(Source records)
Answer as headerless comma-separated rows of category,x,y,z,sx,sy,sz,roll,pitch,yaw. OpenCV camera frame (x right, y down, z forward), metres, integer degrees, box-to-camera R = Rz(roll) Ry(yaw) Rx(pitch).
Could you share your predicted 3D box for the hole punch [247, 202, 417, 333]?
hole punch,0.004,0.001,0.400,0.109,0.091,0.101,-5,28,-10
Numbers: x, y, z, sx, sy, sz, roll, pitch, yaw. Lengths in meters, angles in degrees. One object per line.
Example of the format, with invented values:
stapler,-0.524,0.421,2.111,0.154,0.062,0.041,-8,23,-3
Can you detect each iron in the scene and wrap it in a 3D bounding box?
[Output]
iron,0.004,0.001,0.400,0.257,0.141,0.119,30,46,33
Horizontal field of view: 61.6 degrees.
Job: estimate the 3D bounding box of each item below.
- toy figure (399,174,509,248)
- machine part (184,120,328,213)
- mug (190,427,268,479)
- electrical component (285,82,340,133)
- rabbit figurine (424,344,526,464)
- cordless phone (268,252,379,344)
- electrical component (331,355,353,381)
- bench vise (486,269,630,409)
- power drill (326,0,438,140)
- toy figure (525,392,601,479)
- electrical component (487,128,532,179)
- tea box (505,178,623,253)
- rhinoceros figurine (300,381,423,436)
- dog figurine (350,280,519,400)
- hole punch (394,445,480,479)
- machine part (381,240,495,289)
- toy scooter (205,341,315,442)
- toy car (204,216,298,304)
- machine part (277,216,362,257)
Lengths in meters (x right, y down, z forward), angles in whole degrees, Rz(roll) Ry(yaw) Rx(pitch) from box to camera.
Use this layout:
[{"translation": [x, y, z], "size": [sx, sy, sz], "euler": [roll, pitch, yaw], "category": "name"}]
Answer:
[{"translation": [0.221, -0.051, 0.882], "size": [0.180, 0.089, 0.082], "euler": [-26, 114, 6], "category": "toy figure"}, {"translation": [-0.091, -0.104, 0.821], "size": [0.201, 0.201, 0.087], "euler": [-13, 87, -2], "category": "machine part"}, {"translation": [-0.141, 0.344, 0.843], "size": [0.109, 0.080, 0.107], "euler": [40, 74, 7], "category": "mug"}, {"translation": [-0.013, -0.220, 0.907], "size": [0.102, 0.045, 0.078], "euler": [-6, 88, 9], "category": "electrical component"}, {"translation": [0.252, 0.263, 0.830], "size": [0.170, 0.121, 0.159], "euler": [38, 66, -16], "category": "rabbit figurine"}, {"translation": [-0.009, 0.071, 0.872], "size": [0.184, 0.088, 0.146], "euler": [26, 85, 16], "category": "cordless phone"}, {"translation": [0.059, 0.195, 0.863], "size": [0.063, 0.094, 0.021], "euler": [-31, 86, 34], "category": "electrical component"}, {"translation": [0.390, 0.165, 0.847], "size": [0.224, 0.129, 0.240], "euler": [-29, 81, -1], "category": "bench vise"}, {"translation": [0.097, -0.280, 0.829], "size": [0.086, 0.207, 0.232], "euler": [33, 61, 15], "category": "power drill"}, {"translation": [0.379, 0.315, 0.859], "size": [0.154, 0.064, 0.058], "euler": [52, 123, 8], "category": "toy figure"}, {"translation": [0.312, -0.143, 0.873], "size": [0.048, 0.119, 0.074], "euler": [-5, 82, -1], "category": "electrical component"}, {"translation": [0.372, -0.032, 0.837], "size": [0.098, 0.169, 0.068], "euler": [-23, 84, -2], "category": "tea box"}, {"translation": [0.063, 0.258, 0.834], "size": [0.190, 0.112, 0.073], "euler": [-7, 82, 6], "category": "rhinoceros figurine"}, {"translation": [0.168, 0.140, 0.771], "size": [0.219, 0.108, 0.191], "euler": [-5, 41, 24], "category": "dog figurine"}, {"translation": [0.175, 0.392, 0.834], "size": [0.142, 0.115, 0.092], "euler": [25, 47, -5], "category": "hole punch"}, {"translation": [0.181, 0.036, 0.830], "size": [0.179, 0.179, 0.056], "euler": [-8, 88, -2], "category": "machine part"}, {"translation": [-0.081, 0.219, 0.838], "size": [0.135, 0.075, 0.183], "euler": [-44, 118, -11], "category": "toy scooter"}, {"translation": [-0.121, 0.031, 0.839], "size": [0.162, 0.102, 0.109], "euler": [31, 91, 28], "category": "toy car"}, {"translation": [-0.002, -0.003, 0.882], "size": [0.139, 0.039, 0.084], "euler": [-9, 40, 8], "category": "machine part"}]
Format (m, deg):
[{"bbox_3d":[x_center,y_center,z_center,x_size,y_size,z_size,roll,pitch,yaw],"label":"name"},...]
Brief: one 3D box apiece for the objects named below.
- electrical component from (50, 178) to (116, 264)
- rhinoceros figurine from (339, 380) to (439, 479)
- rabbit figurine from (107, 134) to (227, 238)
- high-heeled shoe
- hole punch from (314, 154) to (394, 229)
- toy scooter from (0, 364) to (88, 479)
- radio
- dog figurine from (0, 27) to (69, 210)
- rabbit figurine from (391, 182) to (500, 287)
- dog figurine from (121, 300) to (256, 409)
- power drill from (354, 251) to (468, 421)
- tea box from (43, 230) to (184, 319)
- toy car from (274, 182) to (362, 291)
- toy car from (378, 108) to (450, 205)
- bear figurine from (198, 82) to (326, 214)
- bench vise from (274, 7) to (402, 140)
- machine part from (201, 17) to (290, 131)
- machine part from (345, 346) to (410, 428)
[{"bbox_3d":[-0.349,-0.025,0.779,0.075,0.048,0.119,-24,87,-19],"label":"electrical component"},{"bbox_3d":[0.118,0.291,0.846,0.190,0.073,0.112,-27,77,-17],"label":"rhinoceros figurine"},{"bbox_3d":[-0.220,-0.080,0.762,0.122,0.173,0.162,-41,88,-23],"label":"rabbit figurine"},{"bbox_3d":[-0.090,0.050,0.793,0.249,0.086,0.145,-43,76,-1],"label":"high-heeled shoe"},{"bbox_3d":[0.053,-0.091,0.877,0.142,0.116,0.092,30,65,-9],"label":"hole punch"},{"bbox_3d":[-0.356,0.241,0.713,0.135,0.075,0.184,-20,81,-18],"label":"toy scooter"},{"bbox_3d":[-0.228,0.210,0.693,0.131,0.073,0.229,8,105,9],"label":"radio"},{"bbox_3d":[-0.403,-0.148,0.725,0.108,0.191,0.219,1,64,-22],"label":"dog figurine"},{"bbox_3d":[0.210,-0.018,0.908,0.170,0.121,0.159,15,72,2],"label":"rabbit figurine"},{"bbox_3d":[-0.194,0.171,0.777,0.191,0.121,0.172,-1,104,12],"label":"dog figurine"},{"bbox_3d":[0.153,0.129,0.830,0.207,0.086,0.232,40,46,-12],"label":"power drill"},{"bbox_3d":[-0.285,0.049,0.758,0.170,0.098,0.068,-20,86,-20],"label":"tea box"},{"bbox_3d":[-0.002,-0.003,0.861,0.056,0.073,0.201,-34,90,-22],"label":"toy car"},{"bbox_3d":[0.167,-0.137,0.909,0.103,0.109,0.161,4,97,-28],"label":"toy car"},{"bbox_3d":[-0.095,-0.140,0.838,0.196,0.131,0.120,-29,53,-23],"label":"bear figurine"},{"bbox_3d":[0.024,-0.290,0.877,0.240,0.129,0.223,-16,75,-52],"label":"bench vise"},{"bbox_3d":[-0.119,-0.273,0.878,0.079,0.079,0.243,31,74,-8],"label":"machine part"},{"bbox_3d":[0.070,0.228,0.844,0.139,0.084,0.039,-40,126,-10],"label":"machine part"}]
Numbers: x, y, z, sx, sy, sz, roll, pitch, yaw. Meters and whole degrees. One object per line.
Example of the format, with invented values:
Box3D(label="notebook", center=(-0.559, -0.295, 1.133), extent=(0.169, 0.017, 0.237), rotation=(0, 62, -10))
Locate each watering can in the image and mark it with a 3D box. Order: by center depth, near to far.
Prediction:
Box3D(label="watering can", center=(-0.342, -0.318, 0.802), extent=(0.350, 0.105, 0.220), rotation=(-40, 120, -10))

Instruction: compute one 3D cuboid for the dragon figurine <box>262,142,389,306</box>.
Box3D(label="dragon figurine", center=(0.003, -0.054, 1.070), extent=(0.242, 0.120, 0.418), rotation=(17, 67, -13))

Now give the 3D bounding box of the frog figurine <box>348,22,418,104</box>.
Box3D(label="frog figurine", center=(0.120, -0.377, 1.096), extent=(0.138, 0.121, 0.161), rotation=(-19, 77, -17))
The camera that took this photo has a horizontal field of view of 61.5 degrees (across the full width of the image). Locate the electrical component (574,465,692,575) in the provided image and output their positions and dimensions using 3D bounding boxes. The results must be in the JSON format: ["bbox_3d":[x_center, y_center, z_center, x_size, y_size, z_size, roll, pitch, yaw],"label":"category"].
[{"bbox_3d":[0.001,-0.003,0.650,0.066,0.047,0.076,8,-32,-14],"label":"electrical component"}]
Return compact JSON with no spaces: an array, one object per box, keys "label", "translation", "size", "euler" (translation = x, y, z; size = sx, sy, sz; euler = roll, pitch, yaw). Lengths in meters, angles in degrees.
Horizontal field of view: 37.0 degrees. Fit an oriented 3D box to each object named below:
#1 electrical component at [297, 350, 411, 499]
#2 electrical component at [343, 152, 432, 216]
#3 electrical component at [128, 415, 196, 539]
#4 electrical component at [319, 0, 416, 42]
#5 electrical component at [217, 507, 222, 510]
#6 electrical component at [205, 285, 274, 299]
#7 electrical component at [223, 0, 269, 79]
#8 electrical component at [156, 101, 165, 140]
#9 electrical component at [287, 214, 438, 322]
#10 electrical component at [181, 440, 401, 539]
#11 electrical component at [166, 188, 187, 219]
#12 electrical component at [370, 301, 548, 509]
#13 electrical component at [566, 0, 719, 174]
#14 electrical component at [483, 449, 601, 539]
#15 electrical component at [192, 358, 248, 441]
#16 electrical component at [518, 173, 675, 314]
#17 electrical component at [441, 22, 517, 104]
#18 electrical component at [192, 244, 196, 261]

▶ _Task requirements_: Please transcribe exactly the lines above from the line that has "- toy car from (274, 182) to (362, 291)" up to and including the line that has "- machine part from (201, 17) to (290, 131)"; no other line belongs in the answer.

▶ _Result for this task_:
- toy car from (274, 182) to (362, 291)
- toy car from (378, 108) to (450, 205)
- bear figurine from (198, 82) to (326, 214)
- bench vise from (274, 7) to (402, 140)
- machine part from (201, 17) to (290, 131)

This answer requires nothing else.